[RECORDS SHOWN]

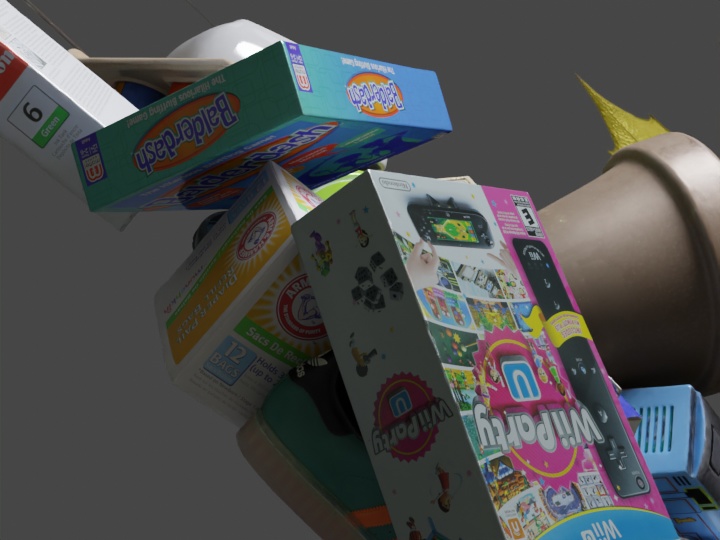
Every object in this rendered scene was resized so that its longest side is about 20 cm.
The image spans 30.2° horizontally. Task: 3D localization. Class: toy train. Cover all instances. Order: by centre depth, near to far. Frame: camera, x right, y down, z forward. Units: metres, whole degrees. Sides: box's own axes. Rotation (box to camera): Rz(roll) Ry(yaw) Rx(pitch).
[{"bbox_3d":[0.229,0.159,0.996,0.200,0.113,0.088,46,48,-43],"label":"toy train"}]

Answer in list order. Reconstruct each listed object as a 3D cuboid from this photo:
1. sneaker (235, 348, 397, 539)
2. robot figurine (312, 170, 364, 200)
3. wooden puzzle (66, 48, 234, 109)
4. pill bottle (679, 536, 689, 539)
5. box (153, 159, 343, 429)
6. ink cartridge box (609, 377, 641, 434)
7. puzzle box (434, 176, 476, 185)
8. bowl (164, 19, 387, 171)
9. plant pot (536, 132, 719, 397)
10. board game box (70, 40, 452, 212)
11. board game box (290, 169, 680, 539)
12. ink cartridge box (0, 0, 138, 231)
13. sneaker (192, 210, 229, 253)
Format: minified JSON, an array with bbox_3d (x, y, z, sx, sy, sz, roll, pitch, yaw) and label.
[{"bbox_3d":[0.033,0.123,0.680,0.200,0.080,0.071,42,9,-5],"label":"sneaker"},{"bbox_3d":[0.000,0.000,1.000,0.173,0.117,0.200,1,29,-24],"label":"robot figurine"},{"bbox_3d":[-0.120,-0.110,1.066,0.198,0.047,0.185,12,-15,36],"label":"wooden puzzle"},{"bbox_3d":[0.278,0.268,0.986,0.199,0.104,0.104,36,11,-34],"label":"pill bottle"},{"bbox_3d":[-0.006,0.050,0.759,0.199,0.113,0.102,36,12,-26],"label":"box"},{"bbox_3d":[0.120,0.106,0.854,0.039,0.202,0.100,-20,51,-29],"label":"ink cartridge box"},{"bbox_3d":[0.026,-0.045,1.211,0.197,0.026,0.133,-6,24,-13],"label":"puzzle box"},{"bbox_3d":[-0.078,-0.144,1.144,0.198,0.076,0.199,23,-10,-21],"label":"bowl"},{"bbox_3d":[0.183,0.014,1.003,0.200,0.172,0.203,165,-90,-75],"label":"plant pot"},{"bbox_3d":[-0.052,-0.080,0.804,0.199,0.151,0.046,-6,77,-62],"label":"board game box"},{"bbox_3d":[0.061,0.057,0.656,0.146,0.064,0.202,2,62,-50],"label":"board game box"},{"bbox_3d":[-0.212,-0.117,0.856,0.199,0.050,0.109,39,10,-14],"label":"ink cartridge box"},{"bbox_3d":[-0.016,-0.012,0.864,0.197,0.080,0.096,15,-34,10],"label":"sneaker"}]

[/RECORDS SHOWN]

ABOUT THIS TASK ::
The entries above, every one of them, should be retyped exactly, with no pictures carried over.

TASK OUTPUT ::
Every object in this rendered scene was resized so that its longest side is about 20 cm.
The image spans 30.2° horizontally. Task: 3D localization. Class: toy train. Cover all instances. Order: by centre depth, near to far. Frame: camera, x right, y down, z forward. Units: metres, whole degrees. Sides: box's own axes. Rotation (box to camera): Rz(roll) Ry(yaw) Rx(pitch).
[{"bbox_3d":[0.229,0.159,0.996,0.200,0.113,0.088,46,48,-43],"label":"toy train"}]

Answer in list order. Reconstruct each listed object as a 3D cuboid from this photo:
1. sneaker (235, 348, 397, 539)
2. robot figurine (312, 170, 364, 200)
3. wooden puzzle (66, 48, 234, 109)
4. pill bottle (679, 536, 689, 539)
5. box (153, 159, 343, 429)
6. ink cartridge box (609, 377, 641, 434)
7. puzzle box (434, 176, 476, 185)
8. bowl (164, 19, 387, 171)
9. plant pot (536, 132, 719, 397)
10. board game box (70, 40, 452, 212)
11. board game box (290, 169, 680, 539)
12. ink cartridge box (0, 0, 138, 231)
13. sneaker (192, 210, 229, 253)
Format: minified JSON, an array with bbox_3d (x, y, z, sx, sy, sz, roll, pitch, yaw) and label.
[{"bbox_3d":[0.033,0.123,0.680,0.200,0.080,0.071,42,9,-5],"label":"sneaker"},{"bbox_3d":[0.000,0.000,1.000,0.173,0.117,0.200,1,29,-24],"label":"robot figurine"},{"bbox_3d":[-0.120,-0.110,1.066,0.198,0.047,0.185,12,-15,36],"label":"wooden puzzle"},{"bbox_3d":[0.278,0.268,0.986,0.199,0.104,0.104,36,11,-34],"label":"pill bottle"},{"bbox_3d":[-0.006,0.050,0.759,0.199,0.113,0.102,36,12,-26],"label":"box"},{"bbox_3d":[0.120,0.106,0.854,0.039,0.202,0.100,-20,51,-29],"label":"ink cartridge box"},{"bbox_3d":[0.026,-0.045,1.211,0.197,0.026,0.133,-6,24,-13],"label":"puzzle box"},{"bbox_3d":[-0.078,-0.144,1.144,0.198,0.076,0.199,23,-10,-21],"label":"bowl"},{"bbox_3d":[0.183,0.014,1.003,0.200,0.172,0.203,165,-90,-75],"label":"plant pot"},{"bbox_3d":[-0.052,-0.080,0.804,0.199,0.151,0.046,-6,77,-62],"label":"board game box"},{"bbox_3d":[0.061,0.057,0.656,0.146,0.064,0.202,2,62,-50],"label":"board game box"},{"bbox_3d":[-0.212,-0.117,0.856,0.199,0.050,0.109,39,10,-14],"label":"ink cartridge box"},{"bbox_3d":[-0.016,-0.012,0.864,0.197,0.080,0.096,15,-34,10],"label":"sneaker"}]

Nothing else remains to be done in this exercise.